Kita semua tahu bagaimana rasanya menerima kemarahan seseorang. Energi kita diarahkan pada perlindungan diri atau serangan balik dan bukan mendengarkan dengan tulus.
Jika Anda baik hati, Anda mengizinkan pasangan Anda mendengarkan Anda. Anda menginspirasi mereka untuk mau mendengarkan Anda dan merespons dengan kasih sayang. Dan pada akhirnya, kebutuhan Anda terpenuhi.
Sekarang setelah Anda mengetahui pentingnya komunikasi dalam hubungan dan pernikahan, inilah saatnya mempelajari cara meningkatkan keterampilan komunikasi dan mengendalikan amarah.
Dan kunci untuk mencapai hal ini adalah mengubah cara Anda mendengarkan dan mengekspresikan diri. Itu dimulai dengan menjaga kemitraan Anda di posisi teratas yang suci dan mengingat Anda dan pasangan berada di tim yang sama. Anda harus mengutamakan kepentingan satu sama lain dan tetap menjaga integritas.
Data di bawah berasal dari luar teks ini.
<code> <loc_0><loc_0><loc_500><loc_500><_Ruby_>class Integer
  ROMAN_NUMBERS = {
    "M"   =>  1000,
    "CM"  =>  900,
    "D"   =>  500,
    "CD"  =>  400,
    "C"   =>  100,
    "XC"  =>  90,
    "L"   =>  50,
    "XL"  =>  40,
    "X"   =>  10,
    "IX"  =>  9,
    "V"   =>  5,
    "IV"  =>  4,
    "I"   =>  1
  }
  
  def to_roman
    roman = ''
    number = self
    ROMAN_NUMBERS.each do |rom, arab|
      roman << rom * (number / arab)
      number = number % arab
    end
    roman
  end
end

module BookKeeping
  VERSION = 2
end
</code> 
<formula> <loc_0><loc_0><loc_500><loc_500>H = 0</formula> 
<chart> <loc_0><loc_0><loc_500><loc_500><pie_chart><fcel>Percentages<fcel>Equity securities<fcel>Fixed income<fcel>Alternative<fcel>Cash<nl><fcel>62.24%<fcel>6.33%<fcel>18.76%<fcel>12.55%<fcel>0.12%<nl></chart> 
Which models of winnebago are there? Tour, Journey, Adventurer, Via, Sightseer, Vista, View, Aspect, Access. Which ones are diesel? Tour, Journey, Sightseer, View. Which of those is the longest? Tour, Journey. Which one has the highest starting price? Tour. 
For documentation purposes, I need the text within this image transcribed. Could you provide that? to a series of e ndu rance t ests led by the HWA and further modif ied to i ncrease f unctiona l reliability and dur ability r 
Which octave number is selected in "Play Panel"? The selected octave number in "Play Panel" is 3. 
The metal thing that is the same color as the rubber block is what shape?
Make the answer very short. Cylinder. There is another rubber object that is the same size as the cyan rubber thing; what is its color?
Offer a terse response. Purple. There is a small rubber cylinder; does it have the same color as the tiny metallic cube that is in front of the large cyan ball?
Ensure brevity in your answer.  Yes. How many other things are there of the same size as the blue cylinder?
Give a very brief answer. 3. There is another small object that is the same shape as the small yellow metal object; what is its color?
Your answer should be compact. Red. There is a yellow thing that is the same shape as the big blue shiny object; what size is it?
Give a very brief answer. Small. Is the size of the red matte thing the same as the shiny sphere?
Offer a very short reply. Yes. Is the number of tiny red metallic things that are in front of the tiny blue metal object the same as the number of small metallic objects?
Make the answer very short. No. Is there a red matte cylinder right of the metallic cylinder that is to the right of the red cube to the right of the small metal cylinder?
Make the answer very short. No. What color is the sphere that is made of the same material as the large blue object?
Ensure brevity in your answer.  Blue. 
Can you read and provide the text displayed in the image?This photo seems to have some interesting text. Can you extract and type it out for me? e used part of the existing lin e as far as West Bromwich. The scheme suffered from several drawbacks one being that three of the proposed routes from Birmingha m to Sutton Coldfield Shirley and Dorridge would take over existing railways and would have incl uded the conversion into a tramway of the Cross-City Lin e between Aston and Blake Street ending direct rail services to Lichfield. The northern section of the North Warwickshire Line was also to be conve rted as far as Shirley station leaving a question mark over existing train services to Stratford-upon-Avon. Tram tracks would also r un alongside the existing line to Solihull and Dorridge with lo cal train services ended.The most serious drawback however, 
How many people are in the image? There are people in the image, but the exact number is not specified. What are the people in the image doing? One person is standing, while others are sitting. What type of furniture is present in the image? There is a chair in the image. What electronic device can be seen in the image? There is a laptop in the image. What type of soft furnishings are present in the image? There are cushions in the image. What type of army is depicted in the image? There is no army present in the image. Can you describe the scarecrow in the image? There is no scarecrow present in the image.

Berkomunikasi dengan kebaikan memiliki kekuatan transformatif, terutama ketika melibatkan emosi yang sulit. Hal ini memungkinkan Anda berdua untuk datang ke meja sebagai yang terbaik dari diri Anda sendiri. Dalam prosesnya, Anda memiliki kesempatan eksklusif untuk saling memegang hati satu sama lain.
Mary Ellen Goggin dan Dr.Jerry Duberstein menawarkan pelatihan hubungan untuk individu, dan menawarkan retret pasangan pribadi dan konseling pasangan. Mereka adalah salah satu penulis buku “Dating Transformation: Easy methods to Have Your Cake and Consume It Too.”